可能存在将json 数据解析 重新输出成 csv文件
shell
#!/bin/bash
# 将json 数据 解析成 csv文件
# 遍历该下面的所有文件
# https://blog.csdn.net/qq_36836950/article/details/131063485
# https://blog.csdn.net/weixin_45842494/article/details/123943756
# https://blog.csdn.net/qq_38250124/article/details/86554834
# https://www.cnblogs.com/bymo/p/7601519.html
# https://blog.csdn.net/weixin_44056331/article/details/102411008
# 预支前提
beginTime=$(date +%s)
beginTimeYMD=$(date +%Y%m%d%H%M%S)
hive_url="beeline -u 'jdbc:hive2://iot-e3base06:11001,iot-e3base07:11001,iot-e3base08:11001/;serviceDiscoveryMode=zooKeeper;zooKeeperNamespace=hiveserver2_zk' -n dwdapp"

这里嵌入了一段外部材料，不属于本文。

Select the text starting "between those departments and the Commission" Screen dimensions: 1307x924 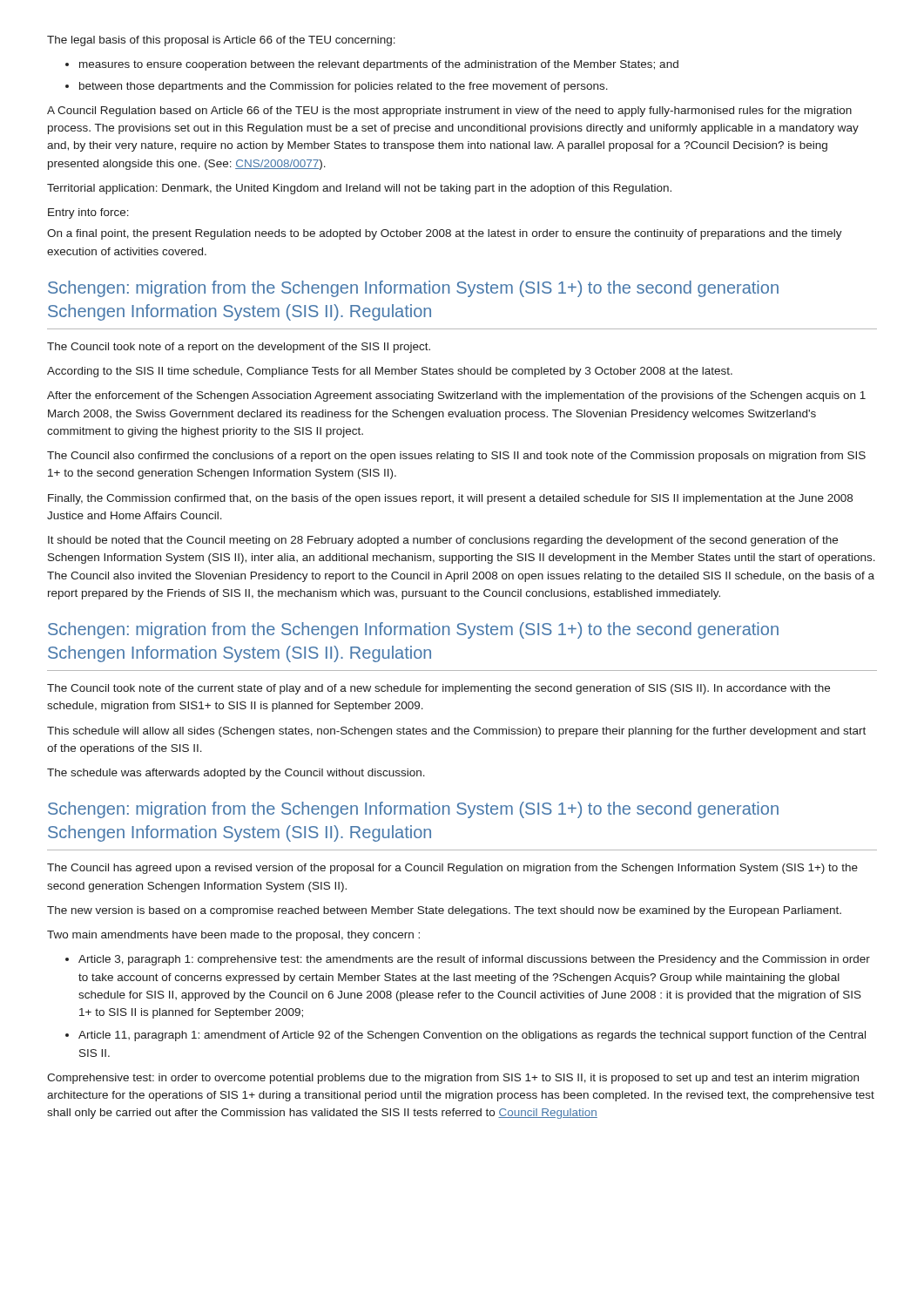[x=478, y=86]

hive_url_e="$hive_url --silent=true --showHeader=false --outputformat=dsv -e"
# 从文件里面获取所有需要的表名 赋值一个数组
# 根据数组进行循环遍历
# 第一步根据表名获取列名
partition_stock=$($hive_url_e "desc dwdb.ods_soa_mft_bill_d;")

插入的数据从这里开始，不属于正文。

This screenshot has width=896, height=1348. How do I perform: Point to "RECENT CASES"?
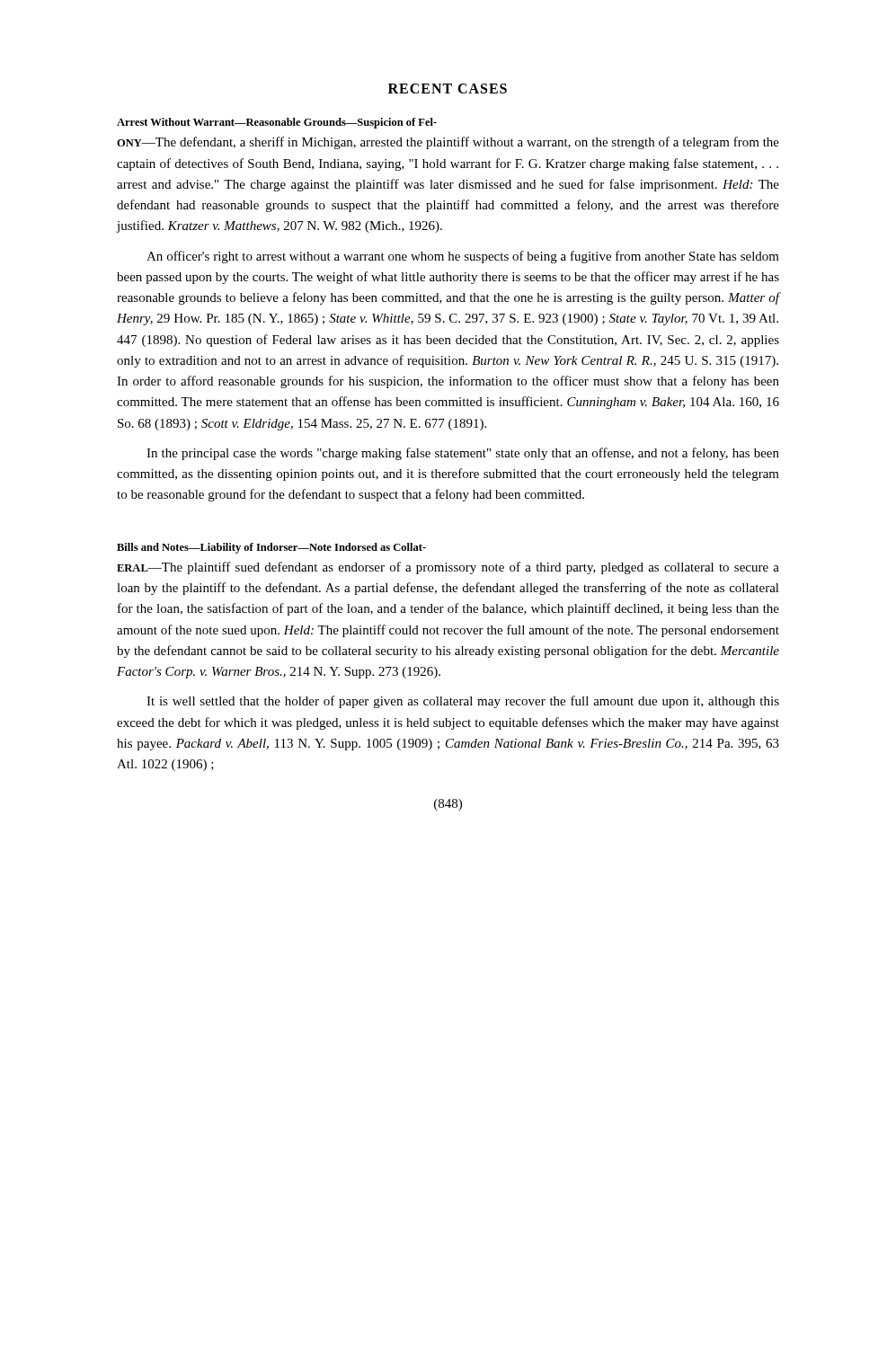click(x=448, y=88)

# $0 是指文本中的第一列 print arr[1] 输出第一列中的所有值 for(i in arr) print arr[i] 输出每一列的分割的值
partition_stock1=$(echo "$partition_stock" | awk '{split($0, arr, "|"); print arr[1]}')
# 这里是将列转行 并输出为数组的形式
arr=(${partition_stock1//\\n/})
# 变量拼接值
data_txt=''
# 读取文件的每一行
while read -r line; do
# jq -r 是英文字符串输出出来会有双引号,-r 可以消除
# 用jq 插件的对象的方式去获取
for s in ${arr[@]}; do
if [[ $s != 'pt_day' ]]; then
# 字符拼接
if [[ $data_txt == '' ]]; then
data_txt="$(echo $line | jq -r ".COLUMNINFO.$s")"
else
data_txt="$data_txt,$(echo $line | jq -r ".COLUMNINFO.$s")"
fi
else
# 输出内容到指定路径
echo $data_txt >>'AC_CONTRACTADD_INFO_JSON.csv'
break
fi
done
# 需要解析的文件
done <ods_soa_mft_bill_d.csv
其他-scp脚本解密
shell
#/user/bin/expect
# Expect是一个免费的编程工具语言,用来实现自动和交互式任务进行通信,而无需人的干预。

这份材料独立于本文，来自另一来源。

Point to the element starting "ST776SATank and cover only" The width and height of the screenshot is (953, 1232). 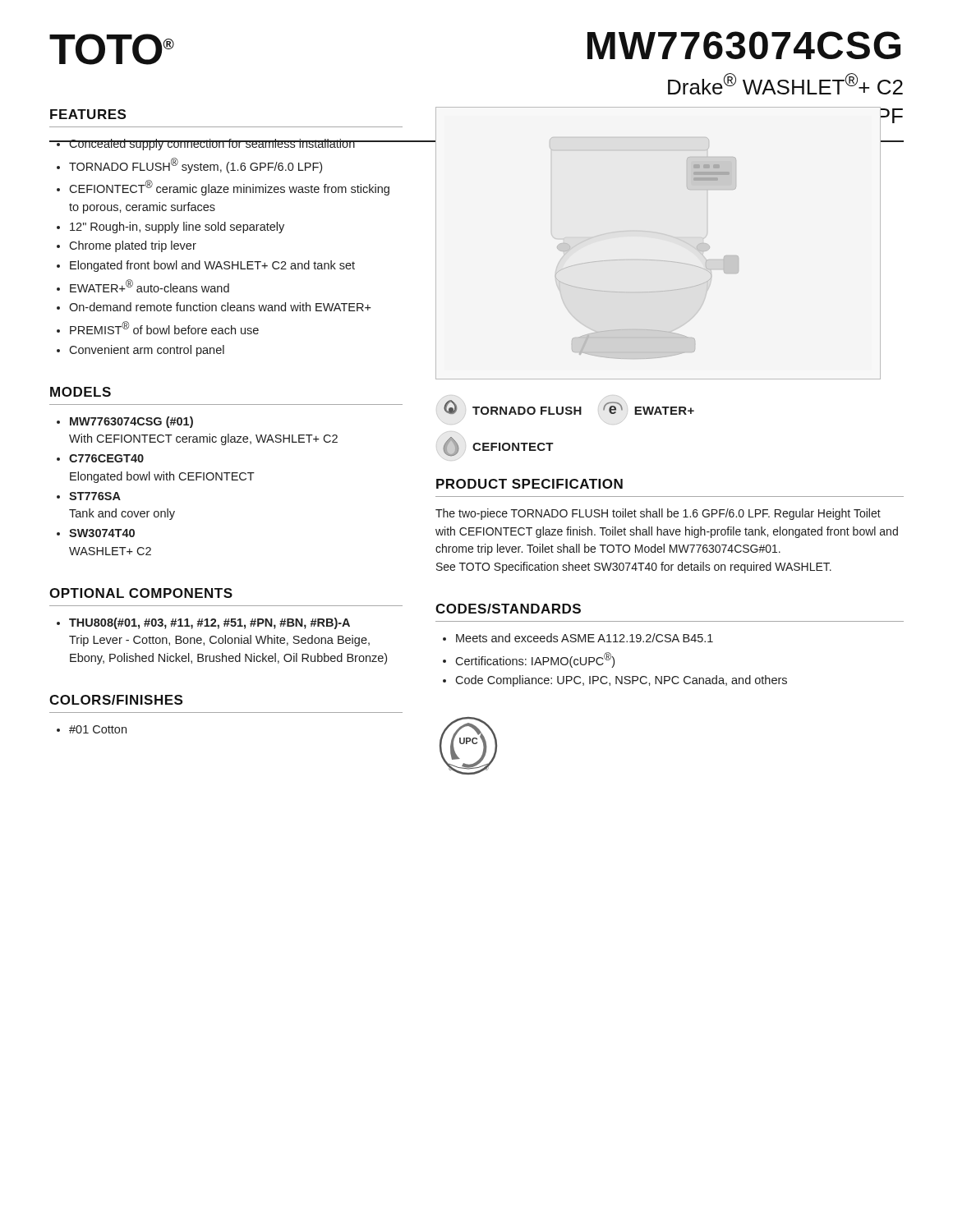[x=122, y=505]

# 首行/usr/bin/expect,声明使用except组件,类似/bin/sh用法
# spawn: spawn + 需要执行的shell命令
# expect: 只有spawn执行的命令结果才会被expect捕捉到,因为spawn会启动一个进程,只有这个进程的相关信息才会被捕捉到,主要包括:标准输入的提示信息,eof和timeout。
# send和send_user:send会将expect脚本中需要的信息发送给spawn启动的那个进程,而send_user只是回显用户发出的信息,类似于shell中的echo而已。
spawn scp -r /data0/e3base/wangsw_a/sftp_file/hlj/ e3base@G030:/data1/hlj/stock_data/
expect "*password:"
send "E3base_12#34\n"
expect eof